Zum Glück können wir heute in Deutschland offen gegen Entscheidungen der Regierung demonstrieren. Wir leben in einem Land, das die Rechte seiner Bürger anerkennt und respektiert und in dem auch die Regierung die Entscheidungen der Gerichte achtet.
Allerdings fangen manche politische Gruppen damit an, andersdenkende zu bedrohen und einzuschüchtern, sie zerstören Kameras und verprügeln Journalistinnen.

Wir sollen Gott geben, was ihm gehört: Unsere größte Liebe, die Ehrfurcht und der Gehorsam. Beispiele aus der Gegenwart sind schwieriger, weil es bei uns immer verschiedene Meinungen gibt:

  • Die Achtung vor dem Leben, vor der Geburt und an seinem Ende –
    was immer auch die Gesetze des Staates und die Entscheidungen der Gerichte nahelegen. Es kann für Ärztinnen und Ärzte schon bedrängend werden, wenn sie das tödliche Gift verweigern – obwohl das Gericht den Anspruch hat, dass es dem Lebensmüden gegeben werden muss.
  • Es kann schon schwierig sein, einen Menschen zu schützen, der in der Arbeit aneckt und deshalb zur Zielscheibe für Aggressionen wird.
  • Es ist nicht leicht, einen Arbeitgeber darauf hinzuweisen, wenn Rechte der Arbeitnehmer missachtet werden.

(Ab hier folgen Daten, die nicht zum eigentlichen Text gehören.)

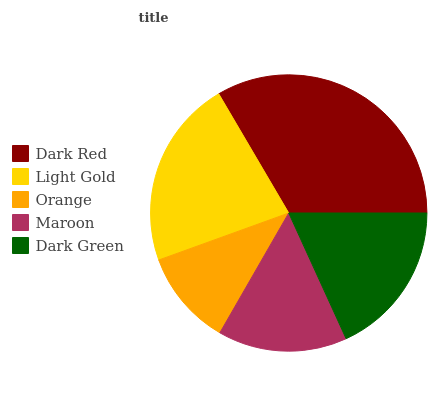Is Orange the minimum?
Answer yes or no. Yes. Is Dark Red the maximum?
Answer yes or no. Yes. Is Light Gold the minimum?
Answer yes or no. No. Is Light Gold the maximum?
Answer yes or no. No. Is Dark Red greater than Light Gold?
Answer yes or no. Yes. Is Light Gold less than Dark Red?
Answer yes or no. Yes. Is Light Gold greater than Dark Red?
Answer yes or no. No. Is Dark Red less than Light Gold?
Answer yes or no. No. Is Dark Green the high median?
Answer yes or no. Yes. Is Dark Green the low median?
Answer yes or no. Yes. Is Light Gold the high median?
Answer yes or no. No. Is Maroon the low median?
Answer yes or no. No.

Gebt Gott, was Gott gehört! Wenn ich an Gott glaube, dann gehöre ich ihm und zu ihm. Das macht frei gegenüber jedem und allem.
Das macht frei, für das Leben einzutreten, für die Gerechtigkeit, für die Schwächeren,

Die Gottesfurcht und die Einsicht werden uns davor bewahren,
Bequemlichkeit und Eigennutz damit zu verwechseln.